Никколо Макиавелли | страница 14
Может показаться, будто в своих «Рассуждениях…» Макиавелли соглашается с Савонаролой в том, что только республика, основанная на доблести граждан, имеет право на существование во Флоренции, однако он вкладывает в слово «доблесть» совсем иной смысл, нежели монах. Но в юности Макиавелли вряд ли думал о монашеской добродетели и был глух к призывам о покаянии. (Тем не менее он написал — неизвестно, правда, когда и почему, — покаянное сочинение, которое в одном из изданий его трудов соседствует с «Уставом общества увеселения» — верх насмешки и неприличия.) Молнии, что метал монах с кафедры собора, не тревожили покой Никколо. Эти молнии могли впечатлить только чувствительные, робкие или склонные к мистицизму души (к какой из этих категорий следует отнести Боттичелли, Донателло и делла Роббиа, склонившихся пред ними?). «Ваша жизнь — жизнь свиней!» — восклицал брат Джироламо уже тогда, когда в городе еще царствовал Лоренцо Великолепный, а придя к власти, решил вычистить «свинарник». Но очень много было тех, кто не принял навязанную монахом реформу нравов, эту «культурную революцию», что сжигала на своих кострах не только Суету, но и все, что украшало прошлую жизнь, придавало ей вкус и остроту. Приходилось не только оплакивать закрытие таверн и прочих заведений, объявленных местами разврата, но еще и опасаться рвения юных «красногвардейцев», которые в борьбе с запретными удовольствиями готовы были проникать в дома и альковы своих сограждан.
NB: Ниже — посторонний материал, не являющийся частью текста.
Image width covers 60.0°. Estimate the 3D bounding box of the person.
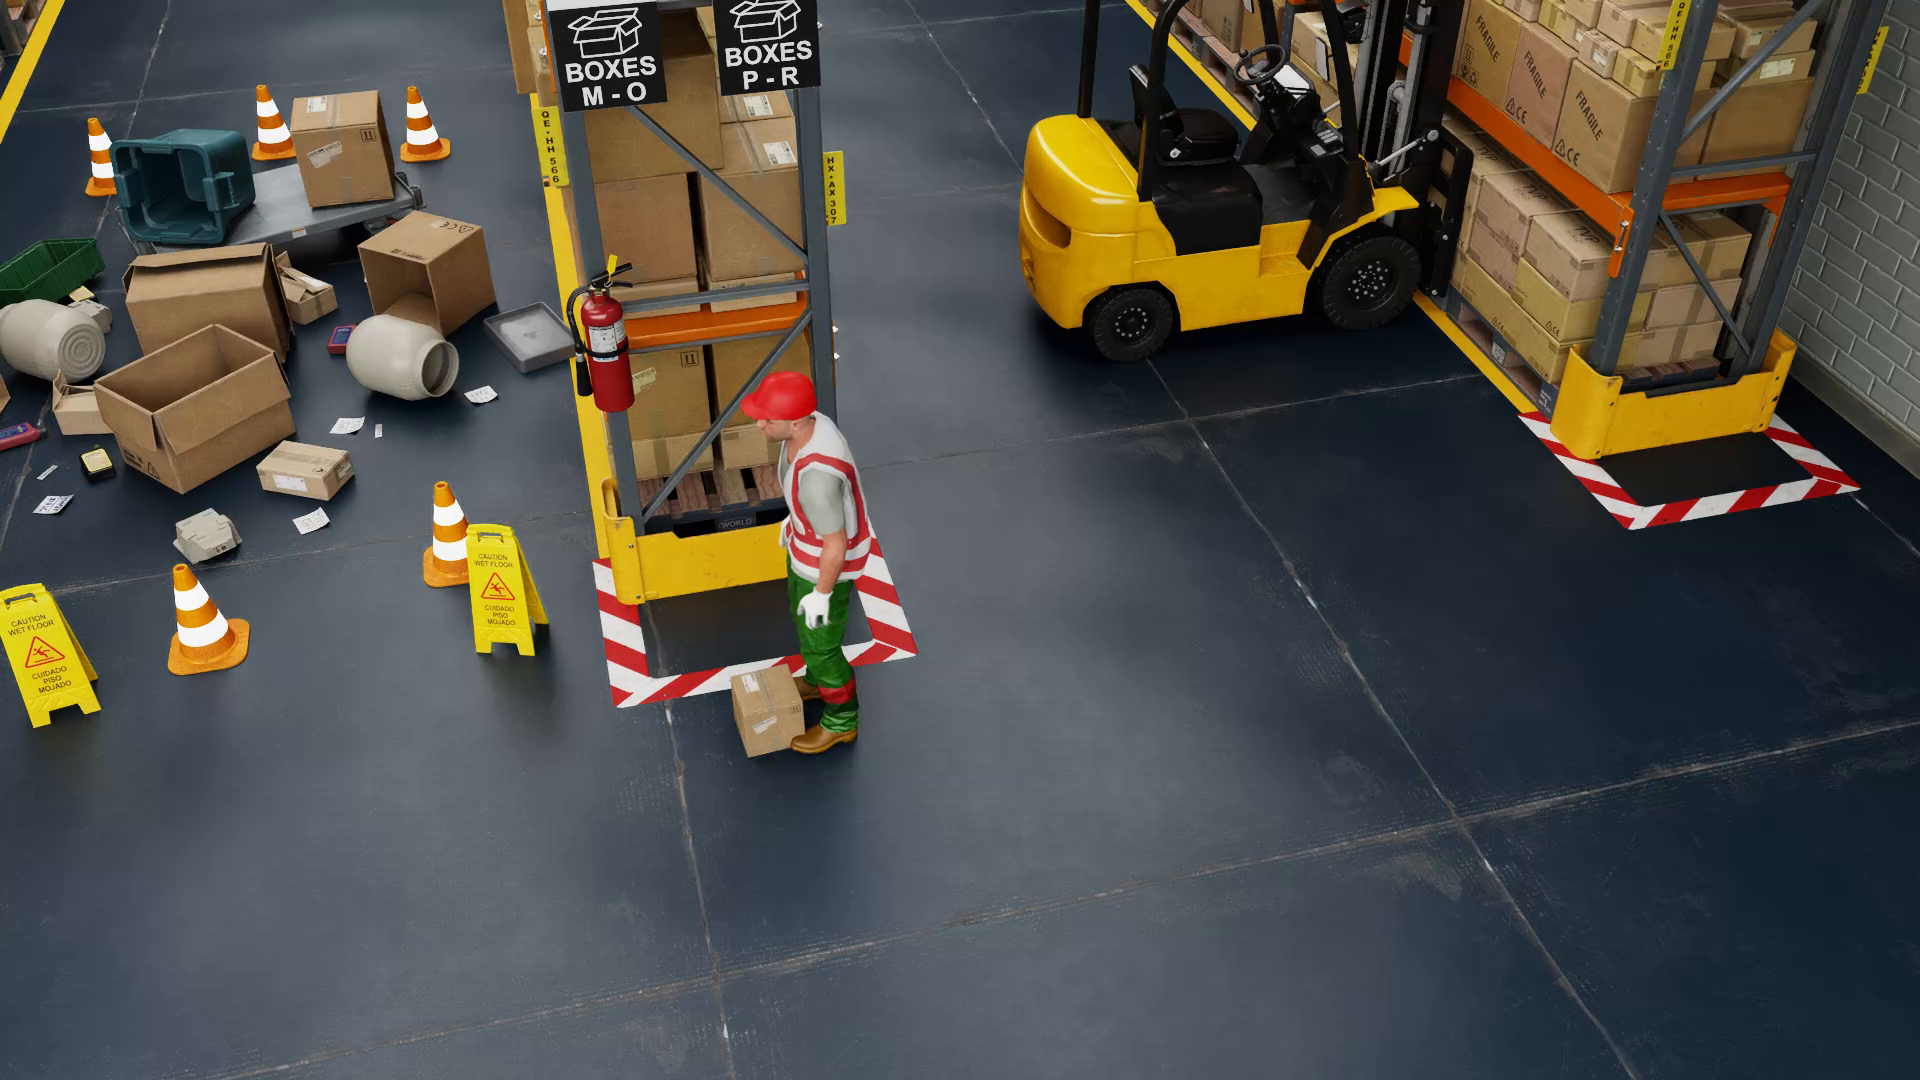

Самым ужасным в глазах Никколо и всех, кто поверил наконец в возможность правосудия, было молчание Савонаролы, когда во Флоренции нарушались «права человека», которые он в 1494 году поклялся соблюдать. Много лет спустя горечь обманутых надежд юности выплеснулась на страницы «Рассуждений о первой декаде Тита Ливия», посвященные трагедии пятерых приговоренных к смерти за «государственную измену», которым было отказано в праве обратиться к народу, хотя закон, принятый в свое время по настоянию самого Савонаролы, такое право им давал. «Если закон этот был полезен, надо было заставить его соблюдать; если нет — не следовало за него так бороться».
Эта принципиальность удивит тех, кто не видит в «учении Макиавелли» ничего, кроме проповеди политической гибкости, доходящей порой до отступничества. Савонарола, промолчав, поступил по-своему разумно, ибо это позволило ему разом избавиться от пятерых врагов; однако Макиавелли не хвалит его за разумный поступок, но обличает «политическую предвзятость», о которой, по его мнению, сей «разумный поступок» свидетельствует. «Это событие больше, чем что-либо иное, подорвало доверие к брату Джироламо», — замечает Макиавелли.